Very few people of any age understood how local computing (or any computing) works. There's probably more now since most of the world is connected.

Profit scale has reached a point where commercial OS creators have to do stuff like shove ads into the UI. There's probably more legitimate need from non-developers to use Linux now than ever before, just to get a better base-line user experience.

You are right. Most will never care. I think of it like, lets try to keep the lights on for the folks that inevitably get burned and need an escape hatch. Many will not, but always some will. At least that's my way of not being a techno-nihilist.

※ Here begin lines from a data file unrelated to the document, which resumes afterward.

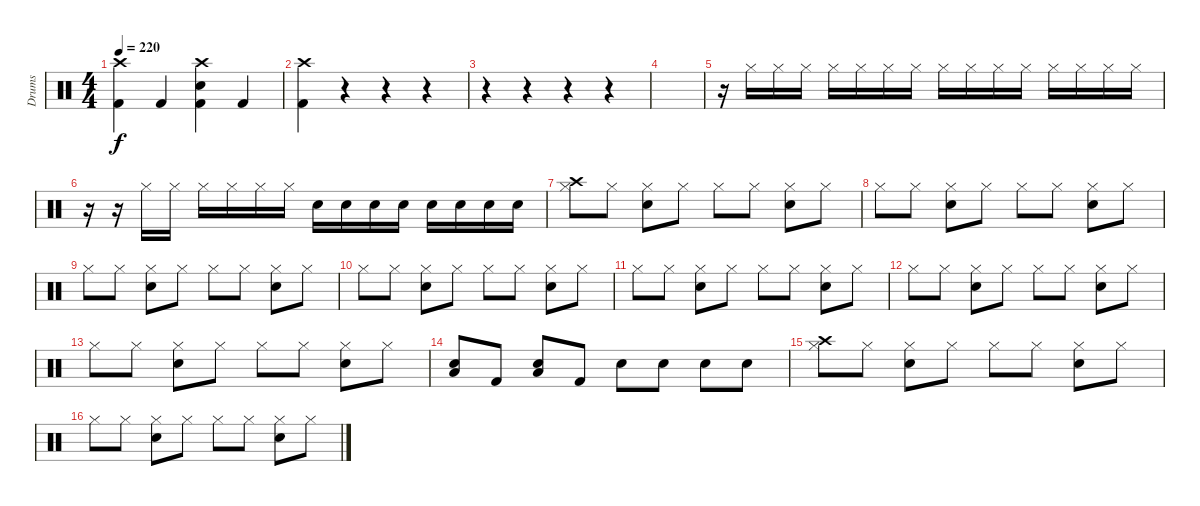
\track ("Drums" "Drums") {instrument percussion}
\staff {score}
\articulation defaults
\ts (4 4)
\tempo 220
\clef neutral
\ks c
("Crash high (hit)" "Kick (hit) 2").4{dy f} "Kick (hit) 2".4 ("Crash high (hit)" "Snare (hit) 2" "Kick (hit) 2").4 "Kick (hit) 2".4 |
("Crash high (hit)" "Kick (hit) 2").4 r.4 r.4 r.4 |
r.4 r.4 r.4 r.4 |
|
r.16 "Hi-Hat (closed)".16 "Hi-Hat (closed)".16 "Hi-Hat (closed)".16 "Hi-Hat (closed)".16 "Hi-Hat (closed)".16 "Hi-Hat (closed)".16 "Hi-Hat (closed)".16 "Hi-Hat (closed)".16 "Hi-Hat (closed)".16 "Hi-Hat (closed)".16 "Hi-Hat (closed)".16 "Hi-Hat (closed)".16 "Hi-Hat (closed)".16 "Hi-Hat (closed)".16 "Hi-Hat (closed)".16 |
r.16 r.16 "Hi-Hat (closed)".16 "Hi-Hat (closed)".16 "Hi-Hat (closed)".16 "Hi-Hat (closed)".16 "Hi-Hat (closed)".16 "Hi-Hat (closed)".16 "Snare (hit) 2".16 "Snare (hit) 2".16 "Snare (hit) 2".16 "Snare (hit) 2".16 "Snare (hit) 2".16 "Snare (hit) 2".16 "Snare (hit) 2".16 "Snare (hit) 2".16 |
("Crash high (hit)" "Hi-Hat (closed)").8 "Hi-Hat (closed)".8 ("Hi-Hat (closed)" "Snare (hit) 2").8 "Hi-Hat (closed)".8 "Hi-Hat (closed)".8 "Hi-Hat (closed)".8 ("Hi-Hat (closed)" "Snare (hit) 2").8 "Hi-Hat (closed)".8 |
"Hi-Hat (closed)".8 "Hi-Hat (closed)".8 ("Hi-Hat (closed)" "Snare (hit) 2").8 "Hi-Hat (closed)".8 "Hi-Hat (closed)".8 "Hi-Hat (closed)".8 ("Hi-Hat (closed)" "Snare (hit) 2").8 "Hi-Hat (closed)".8 |
"Hi-Hat (closed)".8 "Hi-Hat (closed)".8 ("Hi-Hat (closed)" "Snare (hit) 2").8 "Hi-Hat (closed)".8 "Hi-Hat (closed)".8 "Hi-Hat (closed)".8 ("Hi-Hat (closed)" "Snare (hit) 2").8 "Hi-Hat (closed)".8 |
"Hi-Hat (closed)".8 "Hi-Hat (closed)".8 ("Hi-Hat (closed)" "Snare (hit) 2").8 "Hi-Hat (closed)".8 "Hi-Hat (closed)".8 "Hi-Hat (closed)".8 ("Hi-Hat (closed)" "Snare (hit) 2").8 "Hi-Hat (closed)".8 |
"Hi-Hat (closed)".8 "Hi-Hat (closed)".8 ("Hi-Hat (closed)" "Snare (hit) 2").8 "Hi-Hat (closed)".8 "Hi-Hat (closed)".8 "Hi-Hat (closed)".8 ("Hi-Hat (closed)" "Snare (hit) 2").8 "Hi-Hat (closed)".8 |
"Hi-Hat (closed)".8 "Hi-Hat (closed)".8 ("Hi-Hat (closed)" "Snare (hit) 2").8 "Hi-Hat (closed)".8 "Hi-Hat (closed)".8 "Hi-Hat (closed)".8 ("Hi-Hat (closed)" "Snare (hit) 2").8 "Hi-Hat (closed)".8 |
"Hi-Hat (closed)".8 "Hi-Hat (closed)".8 ("Hi-Hat (closed)" "Snare (hit) 2").8 "Hi-Hat (closed)".8 "Hi-Hat (closed)".8 "Hi-Hat (closed)".8 ("Hi-Hat (closed)" "Snare (hit) 2").8 "Hi-Hat (closed)".8 |
("Low Floor Tom (hit)" "Snare (hit) 2").8 "Kick (hit) 2".8 ("Low Floor Tom (hit)" "Snare (hit) 2").8 "Kick (hit) 2".8 "Snare (hit) 2".8 "Snare (hit) 2".8 "Snare (hit) 2".8 "Snare (hit) 2".8 |
("Crash high (hit)" "Hi-Hat (closed)").8 "Hi-Hat (closed)".8 ("Hi-Hat (closed)" "Snare (hit) 2").8 "Hi-Hat (closed)".8 "Hi-Hat (closed)".8 "Hi-Hat (closed)".8 ("Hi-Hat (closed)" "Snare (hit) 2").8 "Hi-Hat (closed)".8 |
"Hi-Hat (closed)".8 "Hi-Hat (closed)".8 ("Hi-Hat (closed)" "Snare (hit) 2").8 "Hi-Hat (closed)".8 "Hi-Hat (closed)".8 "Hi-Hat (closed)".8 ("Hi-Hat (closed)" "Snare (hit) 2").8 "Hi-Hat (closed)".8

>> Do we want our fundamental computing environment to be ultimately under our control, or controlled by private interests with their own incentives?

Define "our".

Because having general compute under developer/engineering control does not mean end-users want, need, or should, tinker inside appliances.

So there are two definitions of our: our end-users, and ourselves the engineers.

Worldwide, in aggregate, far more harms come to users from malware, destroying work at the office and life memories at home, than benefits from non-tech-savvy users being able to agree to a dialog box (INSTALL THIS OR YOUR VOTING REGISTRATION WILL BE SWITCHED IN 30 MINUTES!!!) and have rootkits happen.

Our (hackers) tinkering being extra-steps guardrailed by hardware that we can work within, to help us help general computing become as "don't make me think, and don't do me harm" as a nightstand radio clock, seems a good thing.

Not hard to see through the false "only two cases" premise of the quote, however un-hip to agree so.